> SOURCE INFORMATION

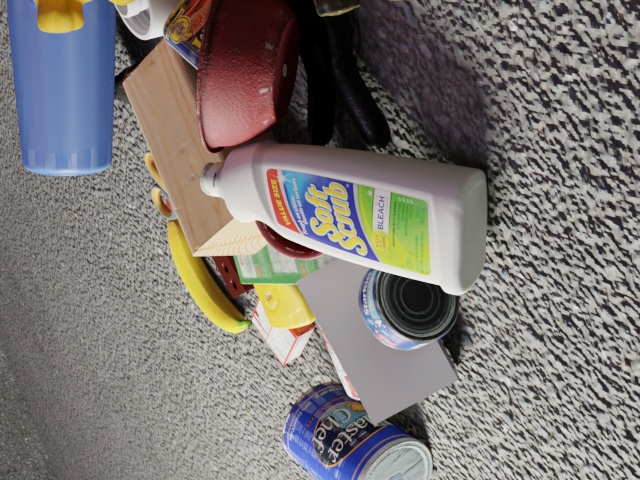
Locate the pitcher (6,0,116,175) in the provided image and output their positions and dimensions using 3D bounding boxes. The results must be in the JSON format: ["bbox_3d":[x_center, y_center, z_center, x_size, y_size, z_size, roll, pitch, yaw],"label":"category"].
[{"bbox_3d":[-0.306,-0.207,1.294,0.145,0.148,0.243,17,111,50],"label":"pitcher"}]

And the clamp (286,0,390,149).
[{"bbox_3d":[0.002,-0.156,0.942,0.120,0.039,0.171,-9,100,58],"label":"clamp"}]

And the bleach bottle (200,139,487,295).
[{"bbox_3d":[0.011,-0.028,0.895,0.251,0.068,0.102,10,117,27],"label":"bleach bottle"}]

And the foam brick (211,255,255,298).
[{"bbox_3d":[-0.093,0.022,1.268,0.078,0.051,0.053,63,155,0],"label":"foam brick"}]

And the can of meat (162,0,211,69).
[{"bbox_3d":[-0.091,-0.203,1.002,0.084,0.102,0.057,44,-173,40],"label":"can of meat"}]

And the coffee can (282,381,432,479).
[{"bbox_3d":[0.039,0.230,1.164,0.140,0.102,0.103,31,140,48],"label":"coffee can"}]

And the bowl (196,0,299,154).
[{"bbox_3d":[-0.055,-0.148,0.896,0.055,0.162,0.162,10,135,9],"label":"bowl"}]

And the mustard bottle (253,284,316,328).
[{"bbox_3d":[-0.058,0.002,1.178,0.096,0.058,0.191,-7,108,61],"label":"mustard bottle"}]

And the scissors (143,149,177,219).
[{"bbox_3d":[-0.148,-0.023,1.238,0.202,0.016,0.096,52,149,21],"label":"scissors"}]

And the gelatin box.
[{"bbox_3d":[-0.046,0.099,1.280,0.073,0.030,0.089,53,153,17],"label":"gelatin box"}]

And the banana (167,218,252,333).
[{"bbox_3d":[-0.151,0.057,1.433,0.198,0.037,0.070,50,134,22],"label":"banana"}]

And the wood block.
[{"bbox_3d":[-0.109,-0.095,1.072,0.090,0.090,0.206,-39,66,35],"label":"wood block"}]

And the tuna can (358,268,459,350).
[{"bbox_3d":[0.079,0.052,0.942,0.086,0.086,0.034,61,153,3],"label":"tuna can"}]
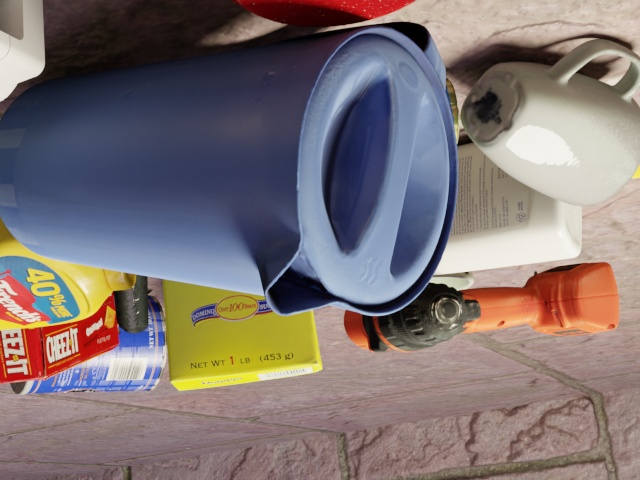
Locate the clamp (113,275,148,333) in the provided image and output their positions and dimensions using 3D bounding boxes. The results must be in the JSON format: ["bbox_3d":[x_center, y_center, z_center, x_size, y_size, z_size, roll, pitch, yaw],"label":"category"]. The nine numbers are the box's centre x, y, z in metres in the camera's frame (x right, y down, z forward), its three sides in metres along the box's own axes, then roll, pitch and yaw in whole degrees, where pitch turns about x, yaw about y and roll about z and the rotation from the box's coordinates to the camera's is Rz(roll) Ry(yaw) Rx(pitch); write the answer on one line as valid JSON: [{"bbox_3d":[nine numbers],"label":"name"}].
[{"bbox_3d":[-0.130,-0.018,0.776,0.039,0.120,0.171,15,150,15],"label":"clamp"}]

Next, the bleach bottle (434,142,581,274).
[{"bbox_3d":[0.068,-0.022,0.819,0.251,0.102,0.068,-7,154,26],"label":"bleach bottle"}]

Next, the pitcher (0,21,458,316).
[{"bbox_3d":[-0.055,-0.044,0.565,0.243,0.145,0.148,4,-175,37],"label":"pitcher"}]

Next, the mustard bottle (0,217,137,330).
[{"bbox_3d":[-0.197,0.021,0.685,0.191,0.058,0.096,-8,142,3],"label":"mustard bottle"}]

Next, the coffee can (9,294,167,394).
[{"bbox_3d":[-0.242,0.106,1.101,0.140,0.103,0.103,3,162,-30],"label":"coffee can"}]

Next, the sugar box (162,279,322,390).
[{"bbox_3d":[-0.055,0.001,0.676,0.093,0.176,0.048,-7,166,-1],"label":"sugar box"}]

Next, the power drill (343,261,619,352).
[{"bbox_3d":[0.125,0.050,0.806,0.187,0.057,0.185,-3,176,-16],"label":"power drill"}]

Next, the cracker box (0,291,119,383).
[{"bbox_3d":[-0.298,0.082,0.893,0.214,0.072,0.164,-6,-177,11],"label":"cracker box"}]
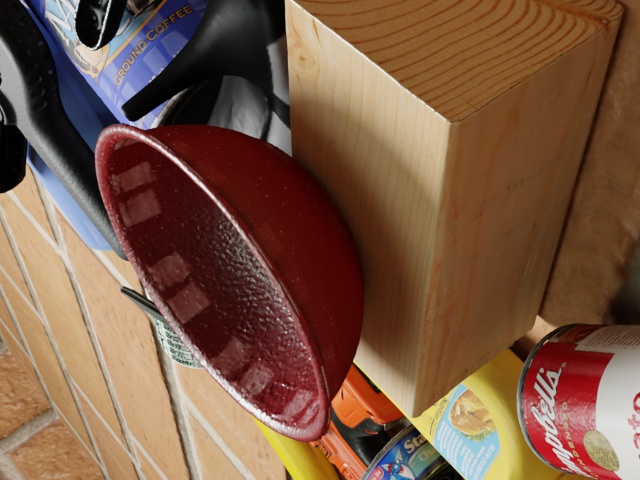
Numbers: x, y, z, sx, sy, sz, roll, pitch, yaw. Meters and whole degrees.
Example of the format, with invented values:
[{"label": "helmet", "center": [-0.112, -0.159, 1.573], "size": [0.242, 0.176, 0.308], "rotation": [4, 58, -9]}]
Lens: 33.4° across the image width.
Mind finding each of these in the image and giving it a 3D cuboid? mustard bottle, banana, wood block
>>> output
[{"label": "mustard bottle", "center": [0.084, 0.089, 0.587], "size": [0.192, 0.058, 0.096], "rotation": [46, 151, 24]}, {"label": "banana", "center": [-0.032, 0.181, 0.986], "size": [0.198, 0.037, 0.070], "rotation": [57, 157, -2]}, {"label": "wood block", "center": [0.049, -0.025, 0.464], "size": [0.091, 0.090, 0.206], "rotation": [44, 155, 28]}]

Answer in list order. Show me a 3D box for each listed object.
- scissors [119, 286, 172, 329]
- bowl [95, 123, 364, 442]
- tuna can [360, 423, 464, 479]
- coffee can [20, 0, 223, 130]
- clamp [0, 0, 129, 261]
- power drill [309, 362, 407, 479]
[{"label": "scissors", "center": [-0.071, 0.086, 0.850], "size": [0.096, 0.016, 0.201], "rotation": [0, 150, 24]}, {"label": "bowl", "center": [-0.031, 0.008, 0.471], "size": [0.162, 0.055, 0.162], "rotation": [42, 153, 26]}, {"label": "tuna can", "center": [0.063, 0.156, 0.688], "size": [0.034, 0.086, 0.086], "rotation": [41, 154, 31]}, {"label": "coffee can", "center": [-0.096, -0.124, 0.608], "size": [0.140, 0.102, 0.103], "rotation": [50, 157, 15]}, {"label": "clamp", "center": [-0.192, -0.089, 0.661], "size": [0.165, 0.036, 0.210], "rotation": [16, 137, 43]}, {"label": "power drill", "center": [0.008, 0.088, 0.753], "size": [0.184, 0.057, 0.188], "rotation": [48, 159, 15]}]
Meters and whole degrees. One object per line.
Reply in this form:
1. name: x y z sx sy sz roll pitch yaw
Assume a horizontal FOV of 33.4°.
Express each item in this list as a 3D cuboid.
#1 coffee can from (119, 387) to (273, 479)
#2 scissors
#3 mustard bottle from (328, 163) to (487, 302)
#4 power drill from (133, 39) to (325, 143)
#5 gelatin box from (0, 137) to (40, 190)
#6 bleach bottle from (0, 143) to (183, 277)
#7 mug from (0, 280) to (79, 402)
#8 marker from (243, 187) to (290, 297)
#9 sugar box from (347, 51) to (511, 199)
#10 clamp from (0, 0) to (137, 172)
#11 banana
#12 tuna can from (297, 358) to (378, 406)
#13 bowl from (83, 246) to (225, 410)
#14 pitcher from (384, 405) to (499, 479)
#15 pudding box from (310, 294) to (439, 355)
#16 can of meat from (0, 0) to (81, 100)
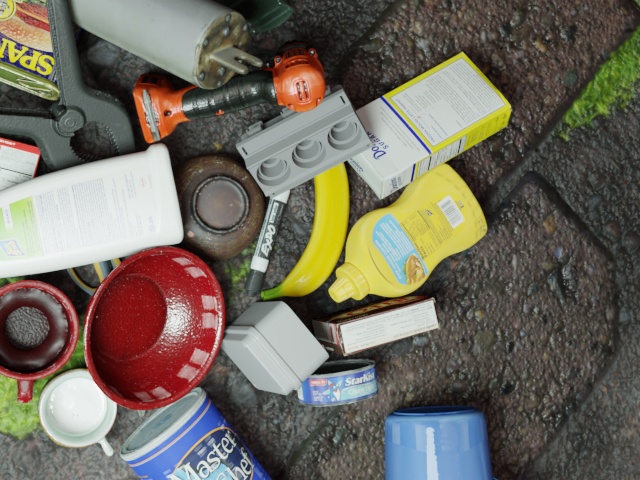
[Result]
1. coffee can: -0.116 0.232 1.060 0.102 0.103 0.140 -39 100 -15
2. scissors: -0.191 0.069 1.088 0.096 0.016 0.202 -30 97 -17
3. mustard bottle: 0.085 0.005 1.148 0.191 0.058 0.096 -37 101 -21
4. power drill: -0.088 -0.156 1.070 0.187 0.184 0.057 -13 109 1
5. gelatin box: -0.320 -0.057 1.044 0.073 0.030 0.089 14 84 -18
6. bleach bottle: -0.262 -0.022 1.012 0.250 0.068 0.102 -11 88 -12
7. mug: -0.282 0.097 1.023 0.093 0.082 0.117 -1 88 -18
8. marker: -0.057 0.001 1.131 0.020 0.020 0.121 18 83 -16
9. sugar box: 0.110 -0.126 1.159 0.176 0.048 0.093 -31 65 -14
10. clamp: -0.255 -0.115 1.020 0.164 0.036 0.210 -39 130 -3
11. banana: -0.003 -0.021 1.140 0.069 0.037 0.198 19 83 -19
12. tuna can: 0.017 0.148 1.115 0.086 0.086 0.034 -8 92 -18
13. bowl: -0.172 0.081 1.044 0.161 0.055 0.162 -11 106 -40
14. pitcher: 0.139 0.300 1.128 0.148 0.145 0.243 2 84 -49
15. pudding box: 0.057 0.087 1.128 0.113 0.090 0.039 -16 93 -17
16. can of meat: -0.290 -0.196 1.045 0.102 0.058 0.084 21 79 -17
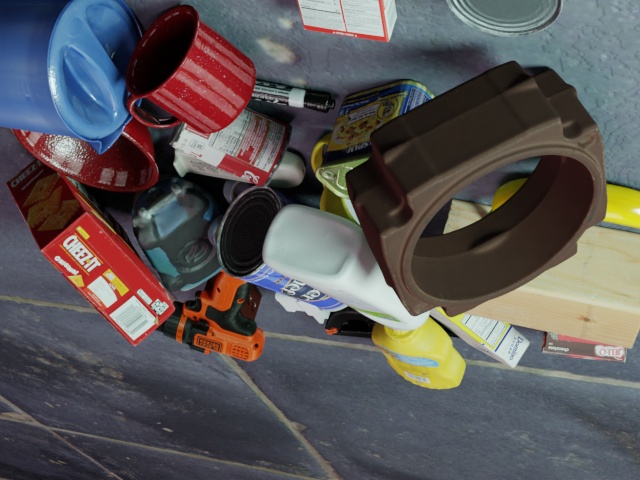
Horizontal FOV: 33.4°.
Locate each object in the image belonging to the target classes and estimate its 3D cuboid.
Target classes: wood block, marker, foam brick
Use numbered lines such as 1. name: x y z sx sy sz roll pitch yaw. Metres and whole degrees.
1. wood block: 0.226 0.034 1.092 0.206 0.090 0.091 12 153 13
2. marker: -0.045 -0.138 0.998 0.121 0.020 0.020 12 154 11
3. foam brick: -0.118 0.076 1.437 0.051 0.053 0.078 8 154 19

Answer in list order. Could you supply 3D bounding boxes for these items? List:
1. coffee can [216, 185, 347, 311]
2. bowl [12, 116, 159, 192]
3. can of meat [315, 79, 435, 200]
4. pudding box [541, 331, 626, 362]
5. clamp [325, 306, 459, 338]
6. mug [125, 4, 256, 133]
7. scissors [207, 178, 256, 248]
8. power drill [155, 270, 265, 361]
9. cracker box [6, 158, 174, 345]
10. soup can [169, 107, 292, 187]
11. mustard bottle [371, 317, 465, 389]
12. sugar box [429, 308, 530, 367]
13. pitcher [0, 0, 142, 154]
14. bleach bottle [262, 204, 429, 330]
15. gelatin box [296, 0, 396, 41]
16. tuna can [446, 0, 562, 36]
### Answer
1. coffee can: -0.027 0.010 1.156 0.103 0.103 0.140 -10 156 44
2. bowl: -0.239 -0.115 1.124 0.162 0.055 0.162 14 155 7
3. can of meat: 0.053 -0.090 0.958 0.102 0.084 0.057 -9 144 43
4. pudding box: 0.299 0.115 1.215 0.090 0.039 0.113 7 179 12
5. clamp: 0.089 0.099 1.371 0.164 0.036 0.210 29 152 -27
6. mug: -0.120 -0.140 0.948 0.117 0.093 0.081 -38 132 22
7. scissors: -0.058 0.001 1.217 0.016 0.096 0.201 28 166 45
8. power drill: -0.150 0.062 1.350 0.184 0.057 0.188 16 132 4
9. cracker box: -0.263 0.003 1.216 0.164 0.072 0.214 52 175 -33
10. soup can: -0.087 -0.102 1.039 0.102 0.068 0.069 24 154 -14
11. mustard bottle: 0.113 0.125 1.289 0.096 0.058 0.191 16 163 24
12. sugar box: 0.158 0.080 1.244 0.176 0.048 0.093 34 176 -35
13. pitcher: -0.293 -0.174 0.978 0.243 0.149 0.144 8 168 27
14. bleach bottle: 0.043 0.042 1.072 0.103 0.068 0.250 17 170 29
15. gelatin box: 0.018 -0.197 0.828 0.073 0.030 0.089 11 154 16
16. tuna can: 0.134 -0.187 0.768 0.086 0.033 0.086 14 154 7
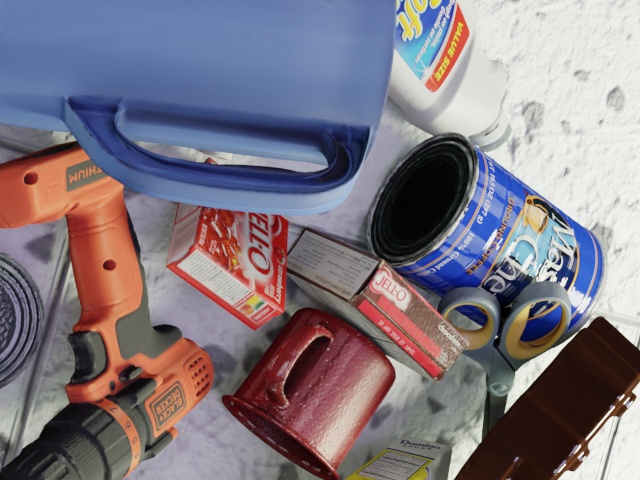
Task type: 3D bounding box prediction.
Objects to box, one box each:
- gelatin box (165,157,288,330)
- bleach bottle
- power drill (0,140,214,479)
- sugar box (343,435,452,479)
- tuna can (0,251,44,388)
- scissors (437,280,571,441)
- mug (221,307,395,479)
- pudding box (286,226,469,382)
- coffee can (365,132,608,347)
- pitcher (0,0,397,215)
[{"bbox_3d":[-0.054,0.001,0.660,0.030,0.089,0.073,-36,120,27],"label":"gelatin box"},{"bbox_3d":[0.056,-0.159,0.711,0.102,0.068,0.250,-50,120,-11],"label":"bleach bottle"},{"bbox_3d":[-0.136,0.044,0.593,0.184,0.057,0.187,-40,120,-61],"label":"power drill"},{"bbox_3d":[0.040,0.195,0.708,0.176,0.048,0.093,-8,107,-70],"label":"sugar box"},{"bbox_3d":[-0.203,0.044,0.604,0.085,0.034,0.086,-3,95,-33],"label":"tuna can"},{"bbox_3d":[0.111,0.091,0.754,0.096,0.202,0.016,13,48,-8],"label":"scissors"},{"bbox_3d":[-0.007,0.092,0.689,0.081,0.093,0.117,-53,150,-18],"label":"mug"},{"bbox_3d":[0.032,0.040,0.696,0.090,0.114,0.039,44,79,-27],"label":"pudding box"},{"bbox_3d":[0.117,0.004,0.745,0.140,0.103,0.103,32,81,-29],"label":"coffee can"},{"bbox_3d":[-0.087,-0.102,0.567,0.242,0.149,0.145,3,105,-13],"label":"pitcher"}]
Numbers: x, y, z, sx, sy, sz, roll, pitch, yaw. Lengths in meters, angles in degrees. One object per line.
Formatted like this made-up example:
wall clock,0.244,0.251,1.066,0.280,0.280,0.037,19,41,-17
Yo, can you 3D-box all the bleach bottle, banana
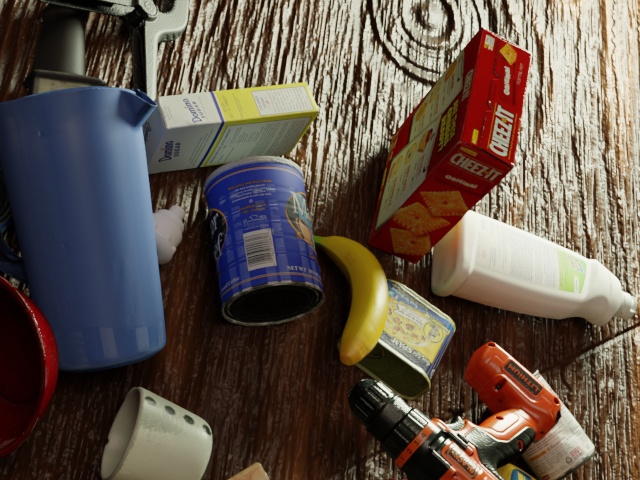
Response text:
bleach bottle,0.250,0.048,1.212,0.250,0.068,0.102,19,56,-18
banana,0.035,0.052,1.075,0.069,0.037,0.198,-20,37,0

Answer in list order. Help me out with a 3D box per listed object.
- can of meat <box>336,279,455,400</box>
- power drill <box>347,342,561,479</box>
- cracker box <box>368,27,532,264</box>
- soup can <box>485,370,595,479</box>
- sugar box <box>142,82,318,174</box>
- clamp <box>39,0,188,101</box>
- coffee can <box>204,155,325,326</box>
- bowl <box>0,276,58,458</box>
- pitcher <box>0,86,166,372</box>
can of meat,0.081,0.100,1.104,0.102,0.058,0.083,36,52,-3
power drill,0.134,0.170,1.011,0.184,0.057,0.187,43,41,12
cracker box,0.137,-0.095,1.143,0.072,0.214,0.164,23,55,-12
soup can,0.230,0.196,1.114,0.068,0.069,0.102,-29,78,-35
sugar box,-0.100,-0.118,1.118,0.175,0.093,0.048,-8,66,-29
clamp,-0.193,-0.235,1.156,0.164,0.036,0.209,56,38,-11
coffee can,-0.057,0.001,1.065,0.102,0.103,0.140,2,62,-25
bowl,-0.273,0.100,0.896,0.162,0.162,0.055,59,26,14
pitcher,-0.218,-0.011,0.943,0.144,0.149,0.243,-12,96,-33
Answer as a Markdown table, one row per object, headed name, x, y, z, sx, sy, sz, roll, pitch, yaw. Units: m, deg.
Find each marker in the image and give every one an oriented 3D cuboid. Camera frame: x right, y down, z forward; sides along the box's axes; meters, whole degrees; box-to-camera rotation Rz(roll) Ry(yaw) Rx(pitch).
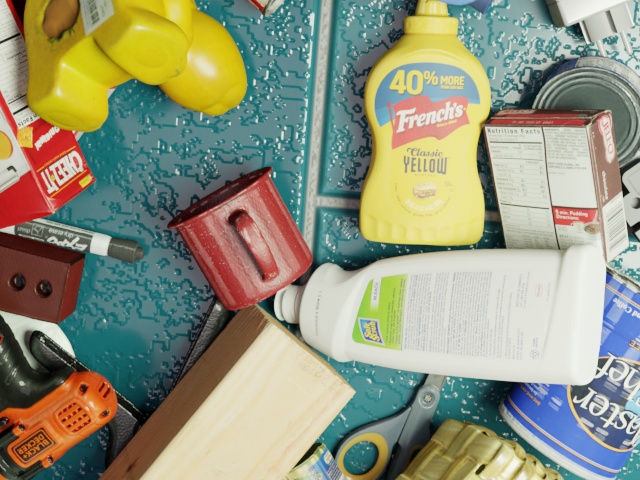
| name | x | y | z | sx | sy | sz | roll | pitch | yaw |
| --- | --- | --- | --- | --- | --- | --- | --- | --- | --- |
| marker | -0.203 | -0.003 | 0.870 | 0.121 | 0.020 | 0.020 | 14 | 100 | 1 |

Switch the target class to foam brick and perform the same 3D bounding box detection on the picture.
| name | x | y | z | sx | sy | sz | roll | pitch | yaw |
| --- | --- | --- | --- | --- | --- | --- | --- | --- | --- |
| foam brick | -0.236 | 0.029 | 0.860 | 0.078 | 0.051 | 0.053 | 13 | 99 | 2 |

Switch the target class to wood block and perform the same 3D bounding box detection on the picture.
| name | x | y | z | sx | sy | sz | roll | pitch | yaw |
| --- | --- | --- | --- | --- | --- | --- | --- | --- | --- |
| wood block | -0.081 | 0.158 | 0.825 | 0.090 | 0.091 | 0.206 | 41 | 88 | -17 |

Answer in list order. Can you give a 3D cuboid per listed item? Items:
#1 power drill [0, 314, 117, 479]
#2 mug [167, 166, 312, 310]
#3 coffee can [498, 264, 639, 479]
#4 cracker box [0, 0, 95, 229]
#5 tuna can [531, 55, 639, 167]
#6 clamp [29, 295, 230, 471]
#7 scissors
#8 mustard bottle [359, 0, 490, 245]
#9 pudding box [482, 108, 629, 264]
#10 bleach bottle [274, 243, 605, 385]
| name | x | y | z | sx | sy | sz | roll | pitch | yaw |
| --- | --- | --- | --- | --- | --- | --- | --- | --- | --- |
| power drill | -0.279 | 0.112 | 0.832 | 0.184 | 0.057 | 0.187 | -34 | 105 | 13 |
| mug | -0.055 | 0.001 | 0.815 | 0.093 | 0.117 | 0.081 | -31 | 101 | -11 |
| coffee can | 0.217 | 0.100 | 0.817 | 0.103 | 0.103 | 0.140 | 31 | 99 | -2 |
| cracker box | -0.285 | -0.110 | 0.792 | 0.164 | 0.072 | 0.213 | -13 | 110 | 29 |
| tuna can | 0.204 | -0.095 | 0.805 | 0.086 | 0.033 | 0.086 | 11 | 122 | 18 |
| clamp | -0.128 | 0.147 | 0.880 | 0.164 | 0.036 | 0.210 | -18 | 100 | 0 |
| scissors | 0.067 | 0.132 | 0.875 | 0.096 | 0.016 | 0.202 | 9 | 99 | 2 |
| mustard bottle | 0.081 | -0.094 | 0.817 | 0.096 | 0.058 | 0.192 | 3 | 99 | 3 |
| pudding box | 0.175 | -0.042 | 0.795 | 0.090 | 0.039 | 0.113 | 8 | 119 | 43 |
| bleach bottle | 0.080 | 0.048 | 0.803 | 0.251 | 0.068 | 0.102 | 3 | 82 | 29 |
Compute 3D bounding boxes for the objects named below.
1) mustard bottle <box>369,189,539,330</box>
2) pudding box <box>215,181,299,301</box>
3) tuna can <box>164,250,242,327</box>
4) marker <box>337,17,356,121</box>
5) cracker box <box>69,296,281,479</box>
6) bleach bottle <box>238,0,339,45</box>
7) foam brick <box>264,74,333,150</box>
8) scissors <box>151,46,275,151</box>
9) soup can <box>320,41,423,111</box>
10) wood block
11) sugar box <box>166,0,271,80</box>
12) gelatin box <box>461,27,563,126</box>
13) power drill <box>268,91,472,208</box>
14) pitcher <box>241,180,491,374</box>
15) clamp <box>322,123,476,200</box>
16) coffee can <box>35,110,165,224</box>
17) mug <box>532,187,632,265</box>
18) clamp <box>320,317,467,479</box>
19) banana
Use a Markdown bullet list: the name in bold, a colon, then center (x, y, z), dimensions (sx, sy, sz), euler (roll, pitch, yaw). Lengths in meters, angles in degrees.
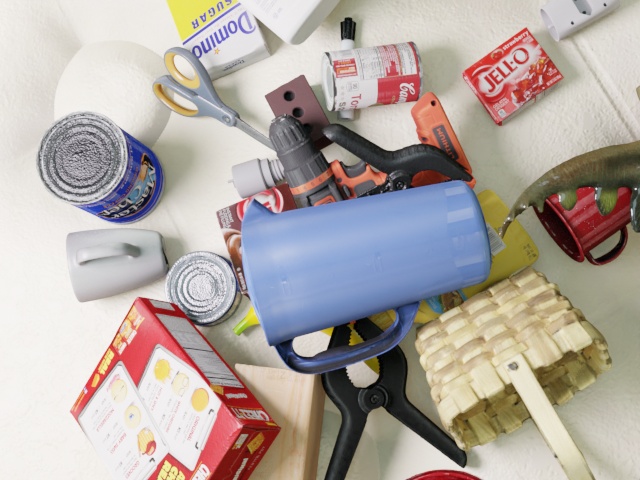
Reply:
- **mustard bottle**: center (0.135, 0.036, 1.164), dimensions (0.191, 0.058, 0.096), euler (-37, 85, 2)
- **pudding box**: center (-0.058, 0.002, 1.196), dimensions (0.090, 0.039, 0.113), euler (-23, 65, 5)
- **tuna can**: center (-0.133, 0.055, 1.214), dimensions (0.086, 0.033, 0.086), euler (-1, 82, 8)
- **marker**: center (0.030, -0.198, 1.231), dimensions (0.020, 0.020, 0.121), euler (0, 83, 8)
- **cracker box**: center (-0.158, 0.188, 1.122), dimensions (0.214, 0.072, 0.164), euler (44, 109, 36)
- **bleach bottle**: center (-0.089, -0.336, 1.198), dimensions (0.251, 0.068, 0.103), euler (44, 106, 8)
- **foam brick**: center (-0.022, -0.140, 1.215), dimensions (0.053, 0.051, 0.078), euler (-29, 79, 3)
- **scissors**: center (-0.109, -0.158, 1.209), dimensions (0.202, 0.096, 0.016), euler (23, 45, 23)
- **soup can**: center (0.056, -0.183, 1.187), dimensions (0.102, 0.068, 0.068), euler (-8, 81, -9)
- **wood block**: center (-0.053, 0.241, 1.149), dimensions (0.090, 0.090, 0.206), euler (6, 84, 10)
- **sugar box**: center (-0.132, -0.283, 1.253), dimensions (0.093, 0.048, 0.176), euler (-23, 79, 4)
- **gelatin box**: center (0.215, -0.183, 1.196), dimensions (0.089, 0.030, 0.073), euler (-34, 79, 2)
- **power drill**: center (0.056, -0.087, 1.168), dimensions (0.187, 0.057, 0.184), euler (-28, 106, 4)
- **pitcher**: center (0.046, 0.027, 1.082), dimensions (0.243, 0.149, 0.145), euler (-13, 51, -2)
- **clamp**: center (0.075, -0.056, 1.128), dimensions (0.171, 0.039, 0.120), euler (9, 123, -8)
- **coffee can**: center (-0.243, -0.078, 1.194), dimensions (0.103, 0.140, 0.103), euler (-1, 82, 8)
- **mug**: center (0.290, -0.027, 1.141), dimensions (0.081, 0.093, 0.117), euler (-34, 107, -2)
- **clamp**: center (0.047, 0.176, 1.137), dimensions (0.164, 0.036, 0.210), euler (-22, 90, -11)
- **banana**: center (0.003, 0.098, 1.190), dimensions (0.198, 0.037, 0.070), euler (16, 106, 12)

> TASK INSTRUCTIONS
Scan the listing above for the line that has "8. power drill [155, 270, 265, 361]", then copy exactly from that line through the line that has "16. tuna can [446, 0, 562, 36]".

> RESULT FOR THIS EXERCISE
8. power drill [155, 270, 265, 361]
9. cracker box [6, 158, 174, 345]
10. soup can [169, 107, 292, 187]
11. mustard bottle [371, 317, 465, 389]
12. sugar box [429, 308, 530, 367]
13. pitcher [0, 0, 142, 154]
14. bleach bottle [262, 204, 429, 330]
15. gelatin box [296, 0, 396, 41]
16. tuna can [446, 0, 562, 36]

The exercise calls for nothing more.